▶ [DIRECTIONS FOR THIS TASK] Before repeating the entries below, strip out every picture and keep all else as it is.

PROVIDED RECORDS below:

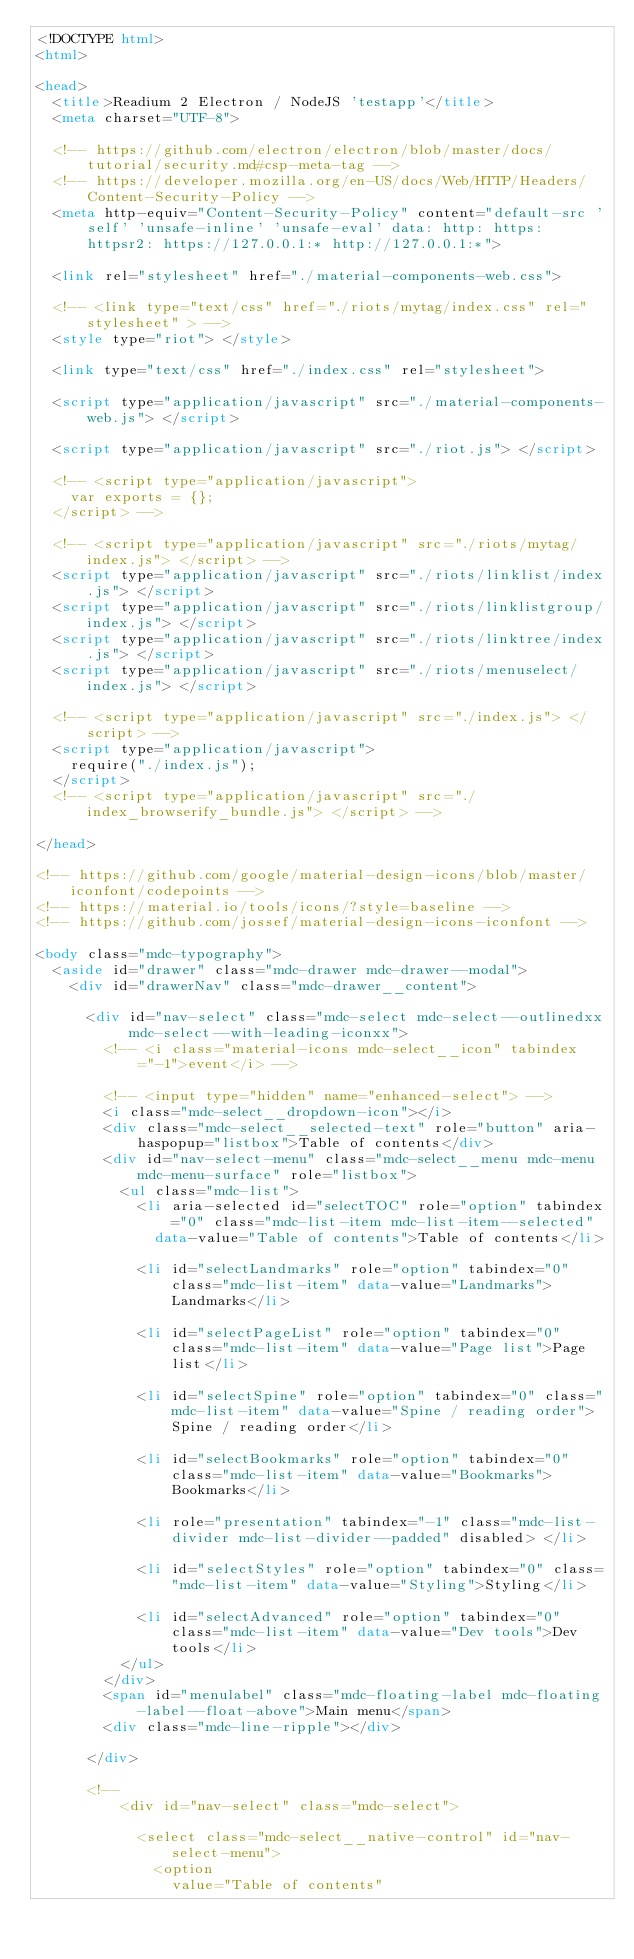Convert code to text. <code><loc_0><loc_0><loc_500><loc_500><_HTML_><!DOCTYPE html>
<html>

<head>
  <title>Readium 2 Electron / NodeJS 'testapp'</title>
  <meta charset="UTF-8">

  <!-- https://github.com/electron/electron/blob/master/docs/tutorial/security.md#csp-meta-tag -->
  <!-- https://developer.mozilla.org/en-US/docs/Web/HTTP/Headers/Content-Security-Policy -->
  <meta http-equiv="Content-Security-Policy" content="default-src 'self' 'unsafe-inline' 'unsafe-eval' data: http: https: httpsr2: https://127.0.0.1:* http://127.0.0.1:*">

  <link rel="stylesheet" href="./material-components-web.css">

  <!-- <link type="text/css" href="./riots/mytag/index.css" rel="stylesheet" > -->
  <style type="riot"> </style>

  <link type="text/css" href="./index.css" rel="stylesheet">

  <script type="application/javascript" src="./material-components-web.js"> </script>

  <script type="application/javascript" src="./riot.js"> </script>

  <!-- <script type="application/javascript">
    var exports = {};
  </script> -->

  <!-- <script type="application/javascript" src="./riots/mytag/index.js"> </script> -->
  <script type="application/javascript" src="./riots/linklist/index.js"> </script>
  <script type="application/javascript" src="./riots/linklistgroup/index.js"> </script>
  <script type="application/javascript" src="./riots/linktree/index.js"> </script>
  <script type="application/javascript" src="./riots/menuselect/index.js"> </script>

  <!-- <script type="application/javascript" src="./index.js"> </script> -->
  <script type="application/javascript">
    require("./index.js");
  </script>
  <!-- <script type="application/javascript" src="./index_browserify_bundle.js"> </script> -->

</head>

<!-- https://github.com/google/material-design-icons/blob/master/iconfont/codepoints -->
<!-- https://material.io/tools/icons/?style=baseline -->
<!-- https://github.com/jossef/material-design-icons-iconfont -->

<body class="mdc-typography">
  <aside id="drawer" class="mdc-drawer mdc-drawer--modal">
    <div id="drawerNav" class="mdc-drawer__content">

      <div id="nav-select" class="mdc-select mdc-select--outlinedxx mdc-select--with-leading-iconxx">
        <!-- <i class="material-icons mdc-select__icon" tabindex="-1">event</i> -->

        <!-- <input type="hidden" name="enhanced-select"> -->
        <i class="mdc-select__dropdown-icon"></i>
        <div class="mdc-select__selected-text" role="button" aria-haspopup="listbox">Table of contents</div>
        <div id="nav-select-menu" class="mdc-select__menu mdc-menu mdc-menu-surface" role="listbox">
          <ul class="mdc-list">
            <li aria-selected id="selectTOC" role="option" tabindex="0" class="mdc-list-item mdc-list-item--selected"
              data-value="Table of contents">Table of contents</li>

            <li id="selectLandmarks" role="option" tabindex="0" class="mdc-list-item" data-value="Landmarks">Landmarks</li>

            <li id="selectPageList" role="option" tabindex="0" class="mdc-list-item" data-value="Page list">Page list</li>

            <li id="selectSpine" role="option" tabindex="0" class="mdc-list-item" data-value="Spine / reading order">Spine / reading order</li>

            <li id="selectBookmarks" role="option" tabindex="0" class="mdc-list-item" data-value="Bookmarks">Bookmarks</li>

            <li role="presentation" tabindex="-1" class="mdc-list-divider mdc-list-divider--padded" disabled> </li>

            <li id="selectStyles" role="option" tabindex="0" class="mdc-list-item" data-value="Styling">Styling</li>

            <li id="selectAdvanced" role="option" tabindex="0" class="mdc-list-item" data-value="Dev tools">Dev tools</li>
          </ul>
        </div>
        <span id="menulabel" class="mdc-floating-label mdc-floating-label--float-above">Main menu</span>
        <div class="mdc-line-ripple"></div>

      </div>

      <!--
          <div id="nav-select" class="mdc-select">

            <select class="mdc-select__native-control" id="nav-select-menu">
              <option
                value="Table of contents"</code>

End of PROVIDED RECORDS.

▶ [REPLY]
Convert code to text. <code><loc_0><loc_0><loc_500><loc_500><_HTML_><!DOCTYPE html>
<html>

<head>
  <title>Readium 2 Electron / NodeJS 'testapp'</title>
  <meta charset="UTF-8">

  <!-- https://github.com/electron/electron/blob/master/docs/tutorial/security.md#csp-meta-tag -->
  <!-- https://developer.mozilla.org/en-US/docs/Web/HTTP/Headers/Content-Security-Policy -->
  <meta http-equiv="Content-Security-Policy" content="default-src 'self' 'unsafe-inline' 'unsafe-eval' data: http: https: httpsr2: https://127.0.0.1:* http://127.0.0.1:*">

  <link rel="stylesheet" href="./material-components-web.css">

  <!-- <link type="text/css" href="./riots/mytag/index.css" rel="stylesheet" > -->
  <style type="riot"> </style>

  <link type="text/css" href="./index.css" rel="stylesheet">

  <script type="application/javascript" src="./material-components-web.js"> </script>

  <script type="application/javascript" src="./riot.js"> </script>

  <!-- <script type="application/javascript">
    var exports = {};
  </script> -->

  <!-- <script type="application/javascript" src="./riots/mytag/index.js"> </script> -->
  <script type="application/javascript" src="./riots/linklist/index.js"> </script>
  <script type="application/javascript" src="./riots/linklistgroup/index.js"> </script>
  <script type="application/javascript" src="./riots/linktree/index.js"> </script>
  <script type="application/javascript" src="./riots/menuselect/index.js"> </script>

  <!-- <script type="application/javascript" src="./index.js"> </script> -->
  <script type="application/javascript">
    require("./index.js");
  </script>
  <!-- <script type="application/javascript" src="./index_browserify_bundle.js"> </script> -->

</head>

<!-- https://github.com/google/material-design-icons/blob/master/iconfont/codepoints -->
<!-- https://material.io/tools/icons/?style=baseline -->
<!-- https://github.com/jossef/material-design-icons-iconfont -->

<body class="mdc-typography">
  <aside id="drawer" class="mdc-drawer mdc-drawer--modal">
    <div id="drawerNav" class="mdc-drawer__content">

      <div id="nav-select" class="mdc-select mdc-select--outlinedxx mdc-select--with-leading-iconxx">
        <!-- <i class="material-icons mdc-select__icon" tabindex="-1">event</i> -->

        <!-- <input type="hidden" name="enhanced-select"> -->
        <i class="mdc-select__dropdown-icon"></i>
        <div class="mdc-select__selected-text" role="button" aria-haspopup="listbox">Table of contents</div>
        <div id="nav-select-menu" class="mdc-select__menu mdc-menu mdc-menu-surface" role="listbox">
          <ul class="mdc-list">
            <li aria-selected id="selectTOC" role="option" tabindex="0" class="mdc-list-item mdc-list-item--selected"
              data-value="Table of contents">Table of contents</li>

            <li id="selectLandmarks" role="option" tabindex="0" class="mdc-list-item" data-value="Landmarks">Landmarks</li>

            <li id="selectPageList" role="option" tabindex="0" class="mdc-list-item" data-value="Page list">Page list</li>

            <li id="selectSpine" role="option" tabindex="0" class="mdc-list-item" data-value="Spine / reading order">Spine / reading order</li>

            <li id="selectBookmarks" role="option" tabindex="0" class="mdc-list-item" data-value="Bookmarks">Bookmarks</li>

            <li role="presentation" tabindex="-1" class="mdc-list-divider mdc-list-divider--padded" disabled> </li>

            <li id="selectStyles" role="option" tabindex="0" class="mdc-list-item" data-value="Styling">Styling</li>

            <li id="selectAdvanced" role="option" tabindex="0" class="mdc-list-item" data-value="Dev tools">Dev tools</li>
          </ul>
        </div>
        <span id="menulabel" class="mdc-floating-label mdc-floating-label--float-above">Main menu</span>
        <div class="mdc-line-ripple"></div>

      </div>

      <!--
          <div id="nav-select" class="mdc-select">

            <select class="mdc-select__native-control" id="nav-select-menu">
              <option
                value="Table of contents"</code>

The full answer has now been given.